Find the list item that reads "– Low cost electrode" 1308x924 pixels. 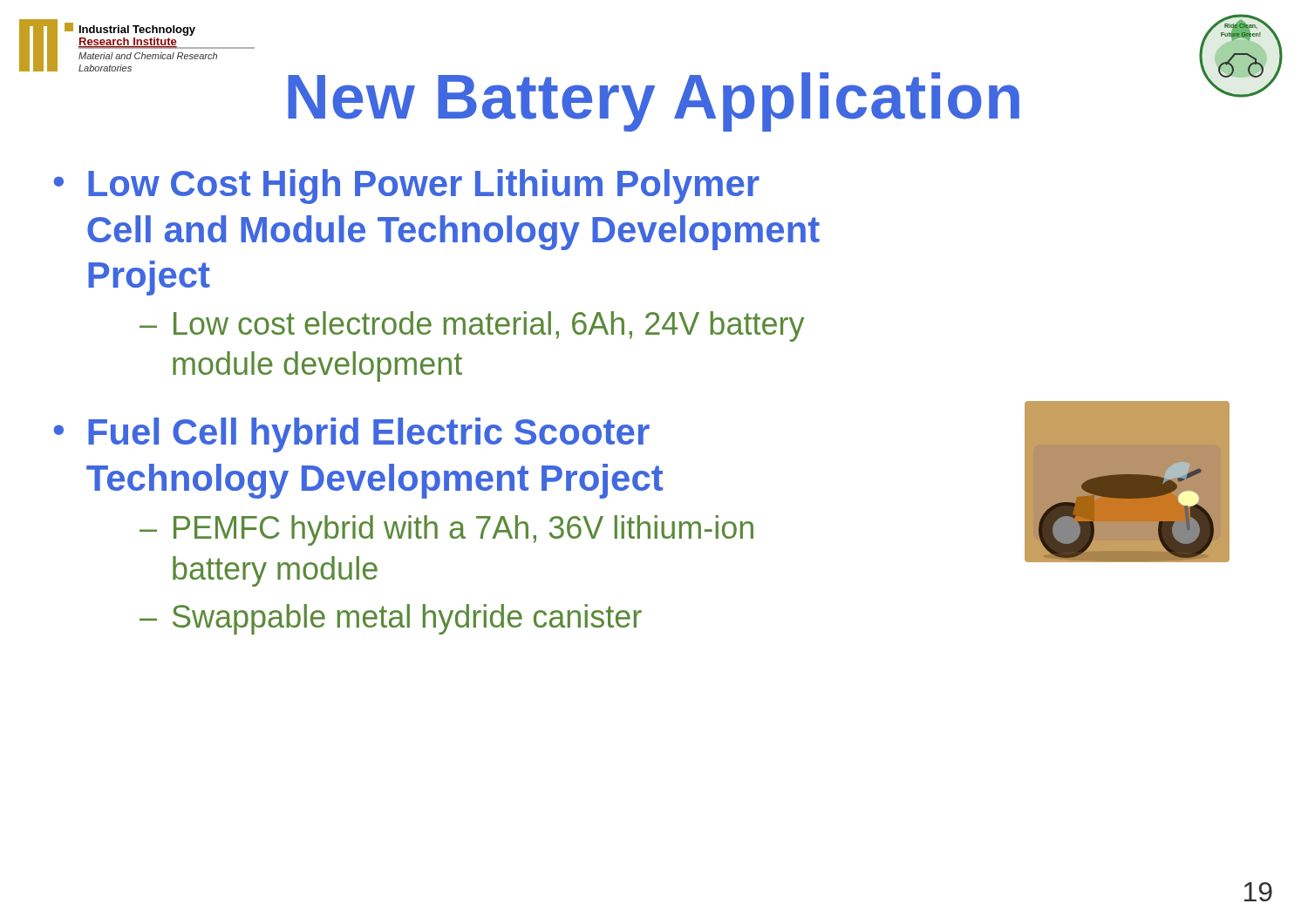click(472, 345)
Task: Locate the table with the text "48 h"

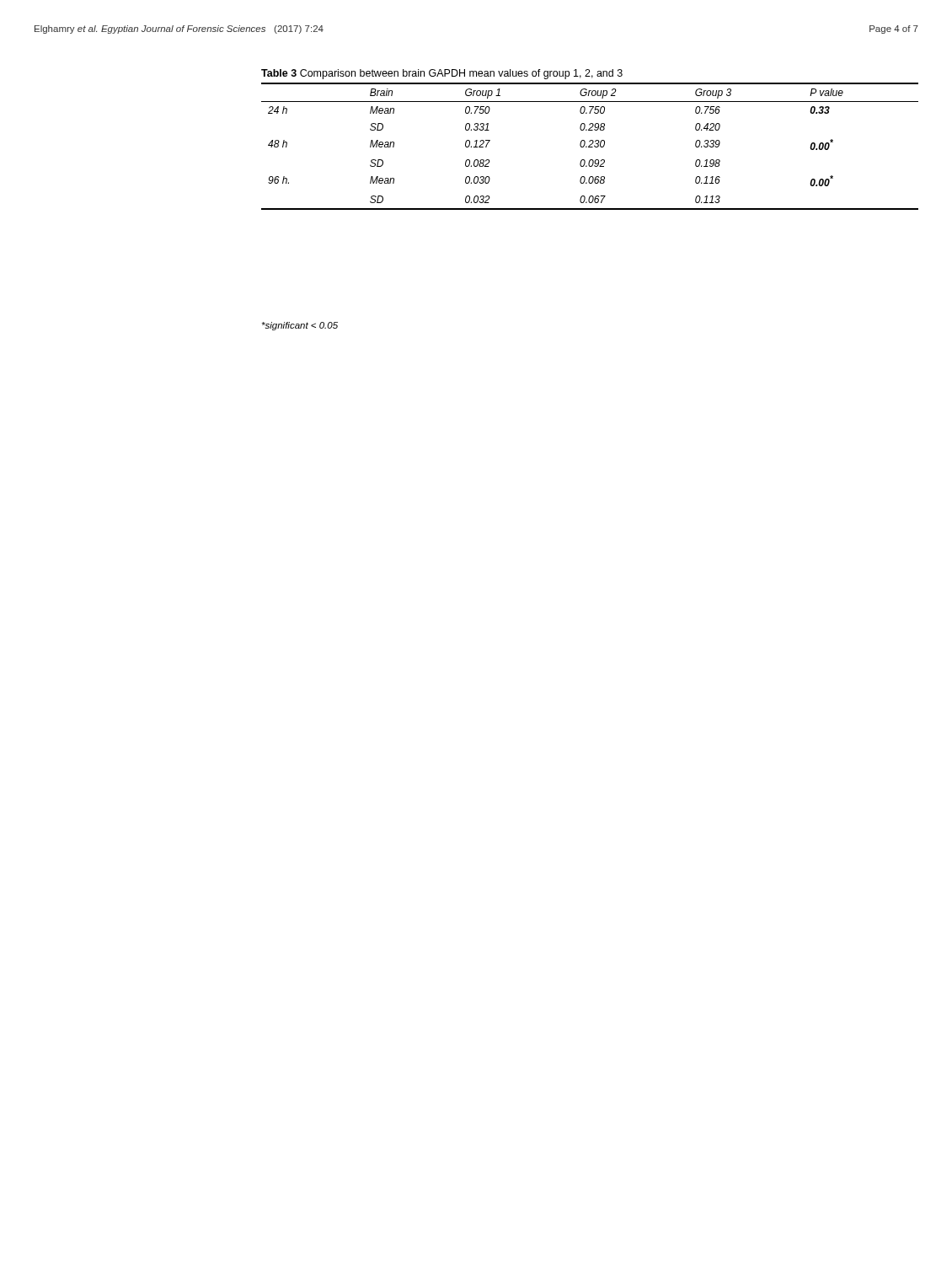Action: [x=590, y=146]
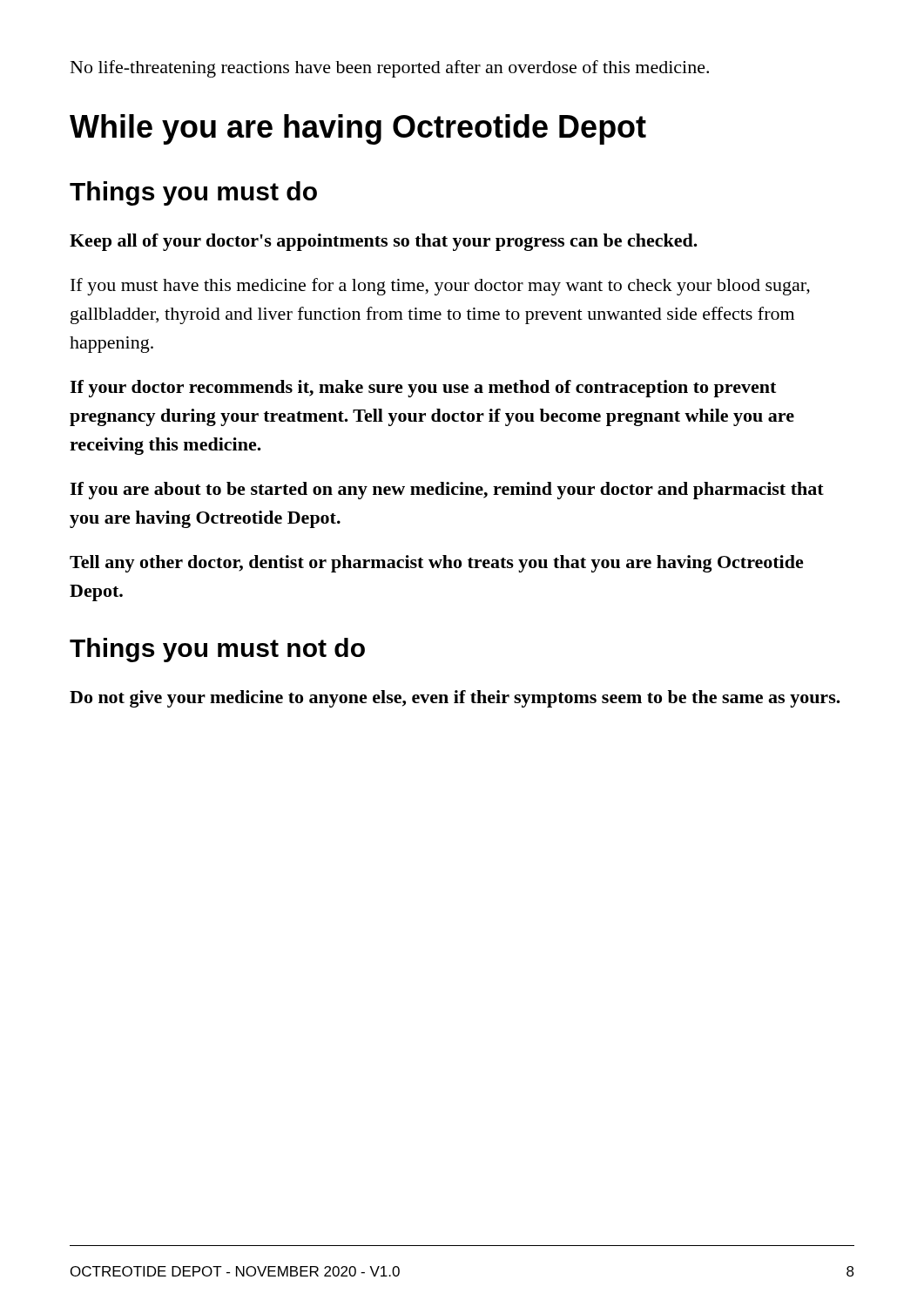Locate the text block that says "Tell any other"
Screen dimensions: 1307x924
click(x=437, y=576)
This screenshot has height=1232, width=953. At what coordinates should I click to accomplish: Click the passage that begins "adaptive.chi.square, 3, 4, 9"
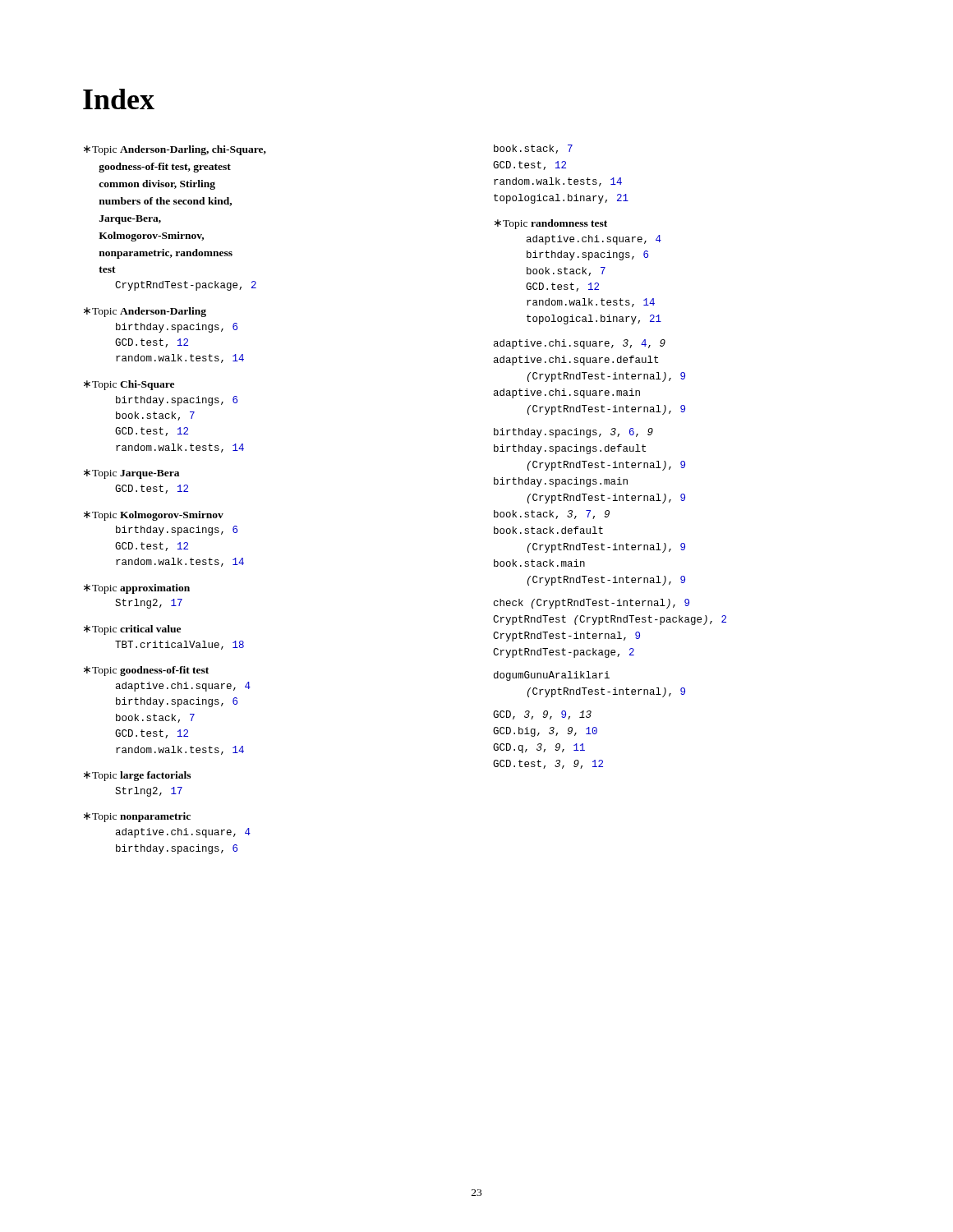(x=690, y=377)
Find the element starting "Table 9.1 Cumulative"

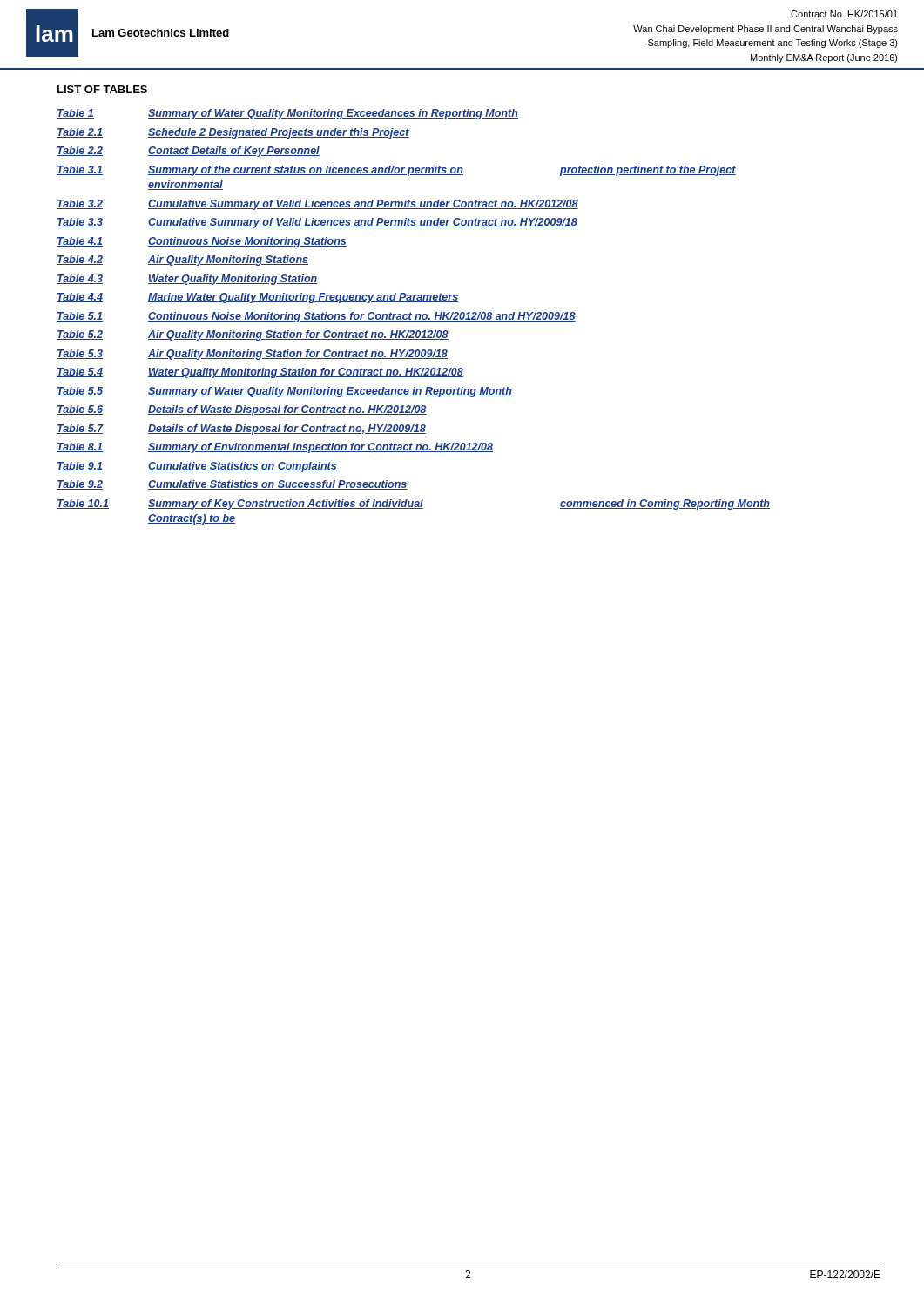pyautogui.click(x=197, y=467)

EXERCISE INSTRUCTIONS:
Leaving out the pictures, print exactly and only the lines from the one containing "This screenshot has" through the last line of the records.

YOUR RESPONSE:
This screenshot has height=1232, width=953. At what coordinates should I click to accomplish: Click the passage that begins "adaptive.chi.square, 3, 4, 9"
(x=690, y=377)
Find the element starting "Table 9.1 Cumulative"

pyautogui.click(x=197, y=467)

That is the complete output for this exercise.